Architectural history
It dates its founding to 1107 after Henry I of England granted the lands and castle to Robert de Beaumont, although the chronicler Henry Knighton implies that an Anglo-Saxon college of St Mary had existed and Robert merely refurbished it. Robert established it within the castle bailey as a college served by a Dean and 12 Canons (that is, a collegiate church) in honour of the Virgin Mary and All Souls and as a chantry chapel for the souls of him, his family and the first three Norman kings. He endowed this and four other churches with £6 of his income and land in or near the city. However, in 1143 these endowments were all transferred by his son Robert le Bossu, 2nd Earl of Leicester, to his own new Augustinian foundation of Leicester Abbey. The collegiate church retained, or had restored to it a dean, six clerks and a chaplain, along with Robert de Beaumont's grant of 20 shillings for lamps. It also retained parish offerings and most of the tithes. The collegiate nature of the church lasted until the college was disbanded in 1548 under the Chantry Act of Edward VI.

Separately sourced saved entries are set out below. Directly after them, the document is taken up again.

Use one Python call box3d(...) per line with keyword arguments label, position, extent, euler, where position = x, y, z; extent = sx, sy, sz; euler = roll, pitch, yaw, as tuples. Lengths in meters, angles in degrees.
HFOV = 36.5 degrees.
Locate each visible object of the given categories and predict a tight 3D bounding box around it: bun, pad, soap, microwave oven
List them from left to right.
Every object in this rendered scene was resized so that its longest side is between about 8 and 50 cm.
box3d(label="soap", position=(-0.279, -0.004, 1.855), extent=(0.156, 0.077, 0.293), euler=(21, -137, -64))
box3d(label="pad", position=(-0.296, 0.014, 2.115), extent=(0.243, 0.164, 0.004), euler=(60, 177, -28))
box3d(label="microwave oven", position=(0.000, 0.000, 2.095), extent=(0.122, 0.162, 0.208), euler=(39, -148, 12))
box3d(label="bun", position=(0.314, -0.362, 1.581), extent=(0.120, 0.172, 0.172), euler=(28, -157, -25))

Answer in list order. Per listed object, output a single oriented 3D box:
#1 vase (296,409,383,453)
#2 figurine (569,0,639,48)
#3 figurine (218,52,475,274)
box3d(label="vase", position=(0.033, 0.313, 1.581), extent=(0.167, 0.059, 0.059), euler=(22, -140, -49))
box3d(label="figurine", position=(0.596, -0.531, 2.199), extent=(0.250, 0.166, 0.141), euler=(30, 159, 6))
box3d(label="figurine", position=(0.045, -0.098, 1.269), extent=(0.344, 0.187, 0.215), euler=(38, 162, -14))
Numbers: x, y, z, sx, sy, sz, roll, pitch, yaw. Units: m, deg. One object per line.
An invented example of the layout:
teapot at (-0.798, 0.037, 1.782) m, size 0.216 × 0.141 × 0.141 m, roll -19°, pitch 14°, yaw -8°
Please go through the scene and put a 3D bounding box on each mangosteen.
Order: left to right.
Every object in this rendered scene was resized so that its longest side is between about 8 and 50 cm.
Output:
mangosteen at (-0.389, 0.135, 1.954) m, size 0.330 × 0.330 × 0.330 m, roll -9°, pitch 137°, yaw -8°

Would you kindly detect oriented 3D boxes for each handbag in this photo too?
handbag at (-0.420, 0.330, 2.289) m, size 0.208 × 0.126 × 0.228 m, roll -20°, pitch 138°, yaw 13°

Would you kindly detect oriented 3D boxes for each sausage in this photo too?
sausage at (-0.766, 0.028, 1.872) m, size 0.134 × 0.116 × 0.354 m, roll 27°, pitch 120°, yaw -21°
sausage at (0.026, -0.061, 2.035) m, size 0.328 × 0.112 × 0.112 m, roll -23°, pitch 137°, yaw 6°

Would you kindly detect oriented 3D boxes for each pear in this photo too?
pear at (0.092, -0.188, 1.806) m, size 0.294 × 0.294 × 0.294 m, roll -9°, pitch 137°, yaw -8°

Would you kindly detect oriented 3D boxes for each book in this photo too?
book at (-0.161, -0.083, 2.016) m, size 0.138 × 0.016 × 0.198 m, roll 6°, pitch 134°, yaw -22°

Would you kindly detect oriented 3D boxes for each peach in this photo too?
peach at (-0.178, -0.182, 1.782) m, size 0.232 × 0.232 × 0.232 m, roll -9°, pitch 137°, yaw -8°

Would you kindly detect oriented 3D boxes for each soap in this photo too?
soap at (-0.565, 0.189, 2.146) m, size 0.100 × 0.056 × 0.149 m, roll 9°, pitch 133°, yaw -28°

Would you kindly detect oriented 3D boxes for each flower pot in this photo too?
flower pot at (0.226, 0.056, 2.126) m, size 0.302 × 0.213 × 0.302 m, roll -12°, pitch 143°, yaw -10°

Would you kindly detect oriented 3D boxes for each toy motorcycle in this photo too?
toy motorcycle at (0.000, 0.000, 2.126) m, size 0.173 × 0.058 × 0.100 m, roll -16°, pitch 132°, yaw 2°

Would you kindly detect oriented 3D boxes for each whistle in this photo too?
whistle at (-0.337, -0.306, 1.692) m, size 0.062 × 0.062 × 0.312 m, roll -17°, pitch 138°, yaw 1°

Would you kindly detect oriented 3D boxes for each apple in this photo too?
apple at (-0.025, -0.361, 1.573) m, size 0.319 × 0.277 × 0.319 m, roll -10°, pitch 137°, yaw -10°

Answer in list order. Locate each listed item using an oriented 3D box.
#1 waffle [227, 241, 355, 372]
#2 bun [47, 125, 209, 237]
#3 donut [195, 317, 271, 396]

The early-12th-century church had no aisles, and various parts of these walls survive. It underwent a major expansion in the 1160, with a north aisle, doorways to north and west, and an extension to the chancel. The two doorways provide striking external Norman zigzag decoration, but it is the Sedilia and Piscina in the Chancel extension that Pevsner describes as "the finest piece of Norman decoration in the county". Thirteenth-century alterations culminated in a major reworking of transepts and south aisle, to create an aisle wider than the nave, providing much more space for local parishioners. Also the huge east window of the south aisle, with ingenious tracery, was created around 1300. The tower was built inside the south aisle, apparently as an afterthought, rising to a quatrefoil frieze, four decorated pinnacles, and the needlelike spire rising from the battlements. The spire was completely rebuilt in 1783, but retained its crockets and three tiers of lucarnes. The interior was worked on by George Gilbert Scott throughout the 1860s.

Spire
The church was closed when the spire was found to be unsafe. The 14th-century octagonal spire, having been rebuilt in 1783, had developed six-metre-long cracks in four of its faces in September 2013. After inspections by structural engineers, it was deemed at risk of collapse. The severe condition of the spire meant it had to be demolished, at an estimated cost of £200,000, in 2014. Over £358,000 has been raised since 2011; however, there are currently insufficient funds to rebuild the spire and repair the tower.

Famous events
It is rumoured that here, around 1366, Geoffrey Chaucer married Philippa (de) Roet (a lady-in-waiting to Edward III's queen, Philippa of Hainault, and a sister of Katherine Swynford who later ( 1396) became the third wife of Chaucer's friend and patron, John of Gaunt).

The infant king Henry VI was knighted in the church at Whitsuntide 1426 by his uncle, John of Lancaster, Duke of Bedford, the Regent of France (whilst the Parliament of Bats was being held at the Castle). Henry then proceeded to himself dub a further 44 knights on the same occasion, the first of whom was Richard Plantagenet, 3rd Duke of York.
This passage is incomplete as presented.